Europäisches Großmachtstreben – Wie die EU das Friedensprojekt verspielt

Die sicherheitspolitischen Entwicklungen der EU sind fatal – Aufrüstung und Waffenexporte werden zur europäischen Staatsräson. Ein Überblick von Paul Fürst.

Der Einsatz für Frieden und Menschenrechte gehört zum Gründungsmythos der Europäischen Union (EU). Tatsächlich sind 70 Jahre Frieden1 zwischen den EU-Staaten ein in der Geschichte einmaliger und zu würdigender Erfolg, wofür die EU 2012 den Friedensnobelpreis erhalten hat. Von führenden Köpfen, wie der EU-Kommissionspräsidentin Ursula von der Leyen (CDU), wird immer wieder betont, dass Europa mehr Verantwortung in der Welt übernehmen muss. Mit der Forderung, die Handlungsfähigkeit der EU auszubauen, sollen Fakten geschaffen werden.
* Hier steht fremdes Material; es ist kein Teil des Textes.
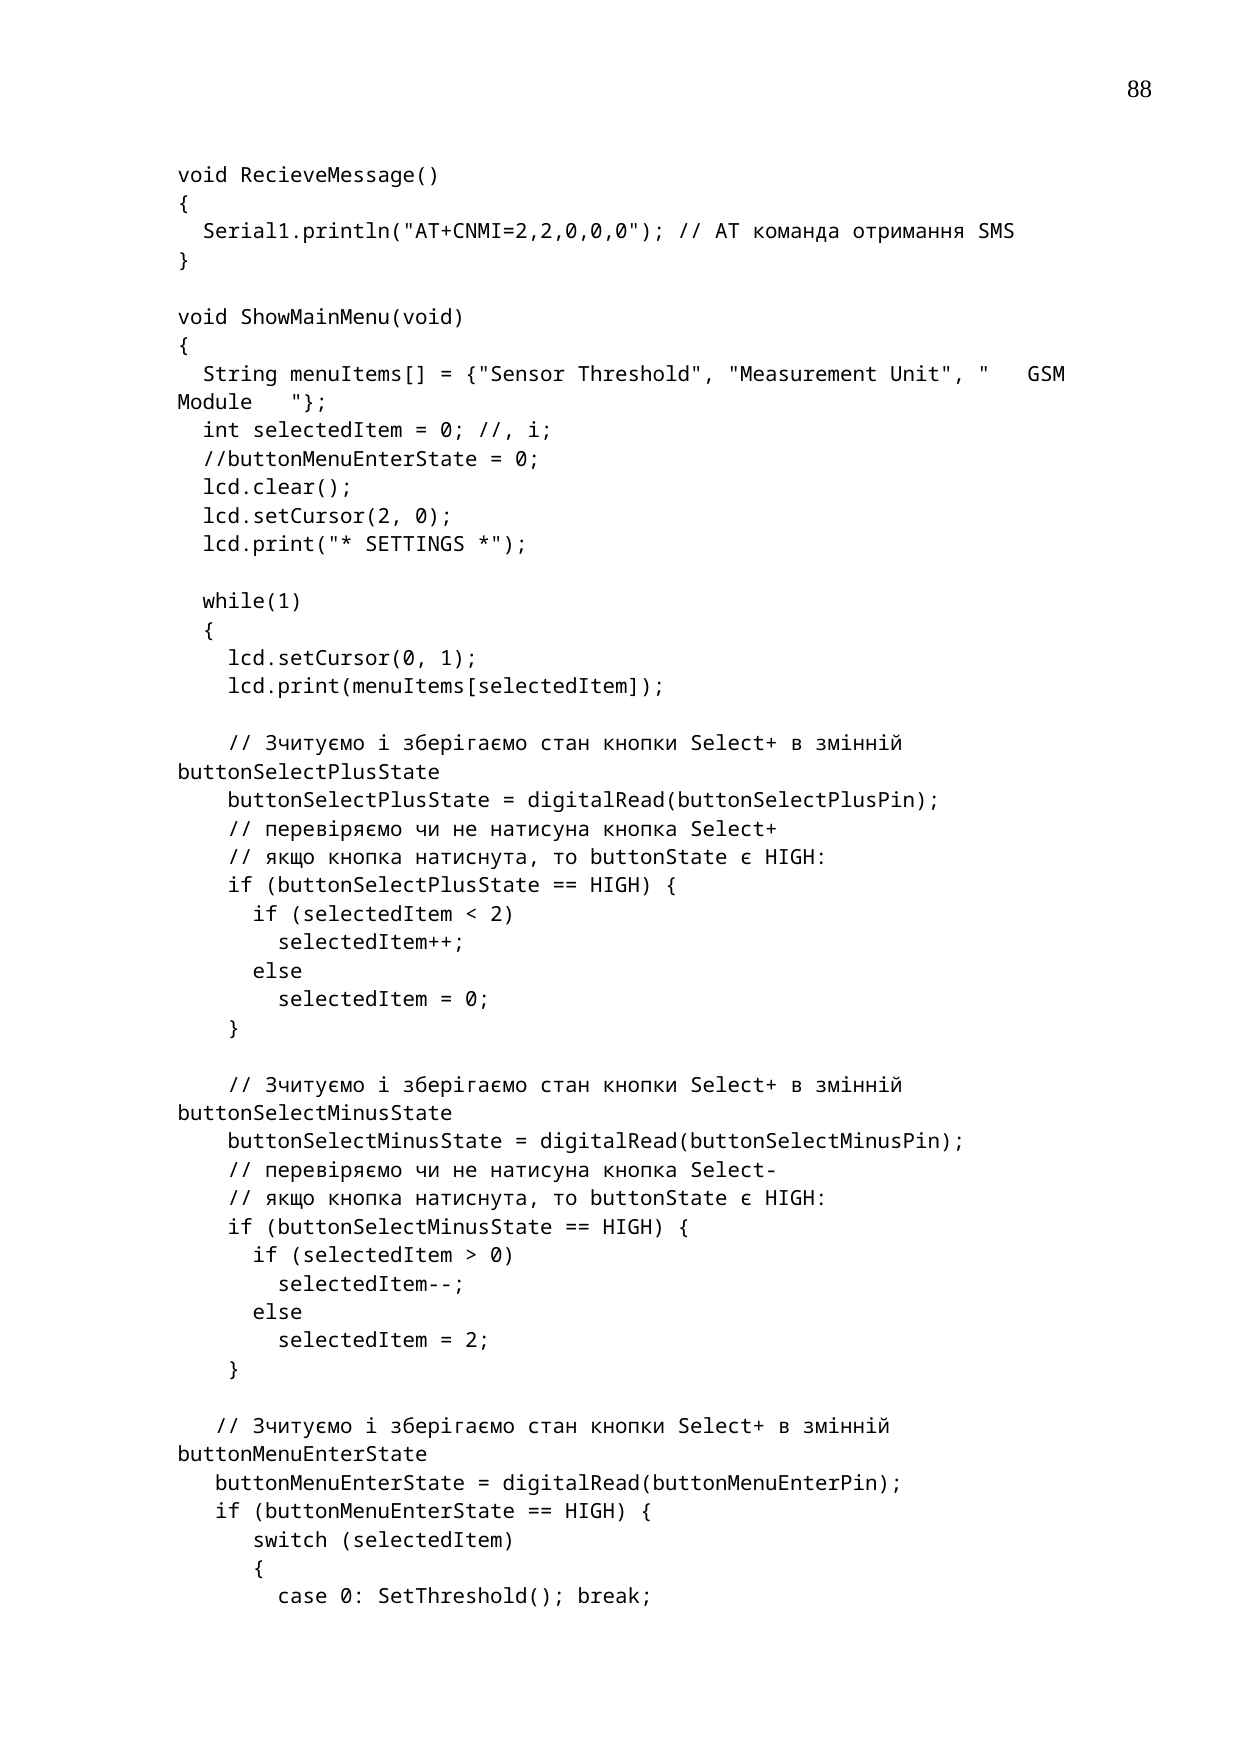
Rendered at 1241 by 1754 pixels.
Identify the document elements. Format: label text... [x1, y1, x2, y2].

Verantwortung und Handlungsfähigkeit soll hier allerdings heißen: Militärische Stärke sowie Intervention und die Beschaffung dafür nötiger Waffen. Das Friedensprojekt rüstet sich.

Schleichende Militarisierung durch PESCO, EVF & Co.

Die „Ständig Strukturierte Zusammenarbeit“ (PESCO) ist das schlagende Herz der Europäischen Verteidigungsunion (EVU) und soll neben der besseren Koordination von Streitkräften u.a. die effiziente Beschaffung neuer Rüstungsgüter regeln. 25 der 27 EU-Staaten haben sich mittlerweile der PESCO angeschlossen. Ein wesentlicher Unterschied zu anderen Formen der Zusammenarbeit besteht in der Rechtsverbindlichkeit, der von den Staaten eingegangenen 20 Verpflichtungen. Bspw. wird das 2%-Ziel der NATO (Militärausgaben auf 2% des BIP zu erhöhen) dadurch gesetzlich festgeschrieben – eine Aufrüstung per Zwang. Vorangetrieben wurde PESCO vor allem von Deutschland und Frankreich, welche neben ihren bilateralen Rüstungsprojekten auch hier starke Führungsansprüche hegen. Durch den Europäischen Verteidigungsfond (EVF) soll der Aufrüstung ein Geldtopf des EU-Haushalts zur Verfügung gestellt werden. Dieser umfasst bis 2027 für die militärische Forschung und Entwicklung ca. acht Mrd. Euro und steht in Verdacht, nicht legal zu sein.2

Waffenexport und Drohnenentwicklung für den Frieden?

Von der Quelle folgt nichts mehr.